• [Input records]
* * * *
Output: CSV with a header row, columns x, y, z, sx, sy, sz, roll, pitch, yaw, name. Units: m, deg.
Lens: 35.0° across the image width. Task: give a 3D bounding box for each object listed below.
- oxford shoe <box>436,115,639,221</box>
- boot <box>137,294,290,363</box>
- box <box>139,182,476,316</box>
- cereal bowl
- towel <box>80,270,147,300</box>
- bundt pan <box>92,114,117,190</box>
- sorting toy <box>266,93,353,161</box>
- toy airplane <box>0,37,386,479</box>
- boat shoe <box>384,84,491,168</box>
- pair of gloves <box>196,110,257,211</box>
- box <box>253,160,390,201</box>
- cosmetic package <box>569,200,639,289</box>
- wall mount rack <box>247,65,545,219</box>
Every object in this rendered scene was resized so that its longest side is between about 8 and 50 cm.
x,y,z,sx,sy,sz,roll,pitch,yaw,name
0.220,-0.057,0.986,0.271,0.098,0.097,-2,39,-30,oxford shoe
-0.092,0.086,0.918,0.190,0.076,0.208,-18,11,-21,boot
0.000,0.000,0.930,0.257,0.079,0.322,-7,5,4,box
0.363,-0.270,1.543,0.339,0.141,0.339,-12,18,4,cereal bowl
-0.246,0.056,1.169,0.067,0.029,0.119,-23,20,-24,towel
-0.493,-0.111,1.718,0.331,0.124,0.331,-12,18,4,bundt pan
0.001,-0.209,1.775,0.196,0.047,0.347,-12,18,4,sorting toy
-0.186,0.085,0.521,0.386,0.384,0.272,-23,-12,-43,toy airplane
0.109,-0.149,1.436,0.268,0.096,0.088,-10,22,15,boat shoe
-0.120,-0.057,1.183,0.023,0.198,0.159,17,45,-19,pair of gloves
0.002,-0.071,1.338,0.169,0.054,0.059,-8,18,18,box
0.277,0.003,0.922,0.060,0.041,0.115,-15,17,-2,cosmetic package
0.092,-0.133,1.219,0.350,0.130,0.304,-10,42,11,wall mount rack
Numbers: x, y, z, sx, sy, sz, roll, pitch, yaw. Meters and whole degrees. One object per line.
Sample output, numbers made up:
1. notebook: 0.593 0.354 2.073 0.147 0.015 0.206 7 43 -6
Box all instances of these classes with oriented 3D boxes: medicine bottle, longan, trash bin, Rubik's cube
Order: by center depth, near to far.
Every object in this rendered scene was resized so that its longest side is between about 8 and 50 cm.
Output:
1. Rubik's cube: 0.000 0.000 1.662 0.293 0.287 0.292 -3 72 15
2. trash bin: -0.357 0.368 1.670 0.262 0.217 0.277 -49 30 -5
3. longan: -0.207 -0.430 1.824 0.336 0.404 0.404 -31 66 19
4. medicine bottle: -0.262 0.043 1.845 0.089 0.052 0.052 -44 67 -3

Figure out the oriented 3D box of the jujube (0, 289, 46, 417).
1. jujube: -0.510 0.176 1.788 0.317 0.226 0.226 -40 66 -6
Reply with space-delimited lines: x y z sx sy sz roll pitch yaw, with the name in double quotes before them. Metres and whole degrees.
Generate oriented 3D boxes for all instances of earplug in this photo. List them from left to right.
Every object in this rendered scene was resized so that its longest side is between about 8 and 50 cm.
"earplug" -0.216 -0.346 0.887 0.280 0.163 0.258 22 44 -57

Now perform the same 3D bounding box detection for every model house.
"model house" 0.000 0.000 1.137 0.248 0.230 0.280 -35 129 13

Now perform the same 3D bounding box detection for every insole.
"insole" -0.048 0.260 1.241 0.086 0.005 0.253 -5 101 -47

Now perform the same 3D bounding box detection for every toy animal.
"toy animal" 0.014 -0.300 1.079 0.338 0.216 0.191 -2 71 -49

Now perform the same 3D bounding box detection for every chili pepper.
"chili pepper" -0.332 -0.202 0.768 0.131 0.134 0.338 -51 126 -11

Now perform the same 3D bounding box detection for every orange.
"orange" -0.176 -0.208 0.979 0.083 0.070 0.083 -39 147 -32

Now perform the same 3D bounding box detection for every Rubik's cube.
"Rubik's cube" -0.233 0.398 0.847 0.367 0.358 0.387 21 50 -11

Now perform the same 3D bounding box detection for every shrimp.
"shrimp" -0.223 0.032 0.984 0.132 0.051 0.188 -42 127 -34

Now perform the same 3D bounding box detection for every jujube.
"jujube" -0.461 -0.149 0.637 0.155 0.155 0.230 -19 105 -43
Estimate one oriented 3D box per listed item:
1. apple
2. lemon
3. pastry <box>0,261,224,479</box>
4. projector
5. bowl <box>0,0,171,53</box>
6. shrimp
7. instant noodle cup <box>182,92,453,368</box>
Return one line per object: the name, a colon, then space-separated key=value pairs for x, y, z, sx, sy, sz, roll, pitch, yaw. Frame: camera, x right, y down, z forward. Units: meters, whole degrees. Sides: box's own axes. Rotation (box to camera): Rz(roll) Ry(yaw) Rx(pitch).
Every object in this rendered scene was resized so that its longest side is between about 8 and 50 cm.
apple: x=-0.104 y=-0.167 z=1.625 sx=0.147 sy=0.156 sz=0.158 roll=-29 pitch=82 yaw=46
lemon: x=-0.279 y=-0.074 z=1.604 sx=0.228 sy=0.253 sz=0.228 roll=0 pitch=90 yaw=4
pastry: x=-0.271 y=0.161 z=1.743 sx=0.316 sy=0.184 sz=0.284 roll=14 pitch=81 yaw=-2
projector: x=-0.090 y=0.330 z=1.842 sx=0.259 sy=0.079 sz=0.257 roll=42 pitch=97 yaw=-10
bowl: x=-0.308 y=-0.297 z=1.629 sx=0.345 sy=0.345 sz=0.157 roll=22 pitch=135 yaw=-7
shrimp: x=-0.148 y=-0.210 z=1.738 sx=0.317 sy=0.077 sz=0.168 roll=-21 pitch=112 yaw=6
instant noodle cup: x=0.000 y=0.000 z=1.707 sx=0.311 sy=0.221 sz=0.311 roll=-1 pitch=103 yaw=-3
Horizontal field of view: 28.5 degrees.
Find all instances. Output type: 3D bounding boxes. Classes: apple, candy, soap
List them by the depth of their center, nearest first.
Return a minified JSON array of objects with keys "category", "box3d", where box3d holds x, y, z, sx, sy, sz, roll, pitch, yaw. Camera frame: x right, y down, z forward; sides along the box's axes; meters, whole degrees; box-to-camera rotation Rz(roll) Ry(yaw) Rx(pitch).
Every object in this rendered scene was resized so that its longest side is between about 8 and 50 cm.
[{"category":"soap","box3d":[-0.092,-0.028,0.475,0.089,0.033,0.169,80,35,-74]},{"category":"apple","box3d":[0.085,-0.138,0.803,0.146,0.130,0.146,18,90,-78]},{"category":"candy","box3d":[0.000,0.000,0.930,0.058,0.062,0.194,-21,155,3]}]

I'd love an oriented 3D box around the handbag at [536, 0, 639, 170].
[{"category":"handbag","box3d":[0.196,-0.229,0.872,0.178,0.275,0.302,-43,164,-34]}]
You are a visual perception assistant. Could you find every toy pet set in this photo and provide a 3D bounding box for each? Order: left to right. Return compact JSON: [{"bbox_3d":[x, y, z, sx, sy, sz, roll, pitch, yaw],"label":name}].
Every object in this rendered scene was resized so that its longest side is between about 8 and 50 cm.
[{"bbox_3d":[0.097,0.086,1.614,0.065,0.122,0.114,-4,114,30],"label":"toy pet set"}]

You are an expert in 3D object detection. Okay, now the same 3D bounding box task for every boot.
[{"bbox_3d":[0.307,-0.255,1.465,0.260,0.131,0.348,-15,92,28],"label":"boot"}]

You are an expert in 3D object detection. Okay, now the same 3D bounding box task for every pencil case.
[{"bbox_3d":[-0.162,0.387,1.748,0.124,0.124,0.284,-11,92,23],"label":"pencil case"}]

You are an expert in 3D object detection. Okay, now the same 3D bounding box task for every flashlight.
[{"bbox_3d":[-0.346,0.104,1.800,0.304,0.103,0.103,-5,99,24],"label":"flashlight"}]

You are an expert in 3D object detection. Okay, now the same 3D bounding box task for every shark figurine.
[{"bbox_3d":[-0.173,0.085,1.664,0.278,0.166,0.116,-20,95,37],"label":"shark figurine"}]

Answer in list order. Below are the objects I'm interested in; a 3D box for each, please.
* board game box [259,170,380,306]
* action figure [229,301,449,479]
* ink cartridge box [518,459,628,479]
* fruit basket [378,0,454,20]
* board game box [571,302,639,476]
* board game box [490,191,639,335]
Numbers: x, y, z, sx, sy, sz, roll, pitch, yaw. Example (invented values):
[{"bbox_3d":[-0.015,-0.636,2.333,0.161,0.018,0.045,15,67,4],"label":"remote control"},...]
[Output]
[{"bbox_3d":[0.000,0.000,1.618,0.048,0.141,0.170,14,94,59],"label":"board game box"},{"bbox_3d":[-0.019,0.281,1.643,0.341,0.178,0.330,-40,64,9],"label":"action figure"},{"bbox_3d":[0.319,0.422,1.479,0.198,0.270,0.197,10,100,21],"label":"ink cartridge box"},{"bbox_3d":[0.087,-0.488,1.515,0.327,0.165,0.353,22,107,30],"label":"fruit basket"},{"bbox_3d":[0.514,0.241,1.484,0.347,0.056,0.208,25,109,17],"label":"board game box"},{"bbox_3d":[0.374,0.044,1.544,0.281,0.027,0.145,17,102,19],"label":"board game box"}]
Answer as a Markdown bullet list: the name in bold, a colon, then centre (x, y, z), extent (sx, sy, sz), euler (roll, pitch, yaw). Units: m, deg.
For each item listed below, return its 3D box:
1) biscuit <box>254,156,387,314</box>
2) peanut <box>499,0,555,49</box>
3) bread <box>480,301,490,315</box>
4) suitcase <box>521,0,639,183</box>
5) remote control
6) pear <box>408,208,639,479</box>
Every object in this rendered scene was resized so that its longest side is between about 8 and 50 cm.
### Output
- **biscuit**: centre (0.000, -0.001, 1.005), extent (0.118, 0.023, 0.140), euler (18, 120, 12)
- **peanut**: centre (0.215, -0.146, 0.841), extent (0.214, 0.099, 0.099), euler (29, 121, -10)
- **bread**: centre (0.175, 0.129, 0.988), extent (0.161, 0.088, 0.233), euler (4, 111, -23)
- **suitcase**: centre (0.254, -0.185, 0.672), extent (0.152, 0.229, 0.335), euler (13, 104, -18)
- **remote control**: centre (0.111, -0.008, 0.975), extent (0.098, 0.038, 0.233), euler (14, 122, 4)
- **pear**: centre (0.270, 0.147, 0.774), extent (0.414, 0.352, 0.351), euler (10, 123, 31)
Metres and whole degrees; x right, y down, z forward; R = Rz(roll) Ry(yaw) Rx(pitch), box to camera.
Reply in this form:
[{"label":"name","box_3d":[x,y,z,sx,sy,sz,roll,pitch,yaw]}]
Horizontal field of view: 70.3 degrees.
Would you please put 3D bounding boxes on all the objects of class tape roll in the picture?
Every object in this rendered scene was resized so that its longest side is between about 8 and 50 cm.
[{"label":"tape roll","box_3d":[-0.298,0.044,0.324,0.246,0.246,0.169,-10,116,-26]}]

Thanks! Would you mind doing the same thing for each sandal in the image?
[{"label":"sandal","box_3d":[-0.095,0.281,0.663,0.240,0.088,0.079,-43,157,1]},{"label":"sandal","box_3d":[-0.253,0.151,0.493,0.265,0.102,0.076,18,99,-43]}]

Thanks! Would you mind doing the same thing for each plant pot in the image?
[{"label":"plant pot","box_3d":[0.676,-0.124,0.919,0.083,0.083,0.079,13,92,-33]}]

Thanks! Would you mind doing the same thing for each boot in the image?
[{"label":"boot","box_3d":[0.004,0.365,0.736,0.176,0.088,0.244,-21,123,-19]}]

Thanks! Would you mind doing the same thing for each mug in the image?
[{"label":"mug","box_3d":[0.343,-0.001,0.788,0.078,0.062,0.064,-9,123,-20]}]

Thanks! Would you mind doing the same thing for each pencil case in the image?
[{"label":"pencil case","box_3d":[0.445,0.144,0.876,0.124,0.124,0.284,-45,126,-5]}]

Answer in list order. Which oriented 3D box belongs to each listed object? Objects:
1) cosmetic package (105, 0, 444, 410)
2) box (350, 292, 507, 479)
* * * *
• [Try it]
Look through the data above for the word "left". Report each line where it occurs.

• [Result of the task]
Generate oriented 3D boxes for all instances of earplug in this photo. List them from left to right.
You are a visual perception assistant. Could you find every toy pet set in this photo and provide a 3D bounding box for each? Order: left to right. Return compact JSON: [{"bbox_3d":[x, y, z, sx, sy, sz, roll, pitch, yaw],"label":name}].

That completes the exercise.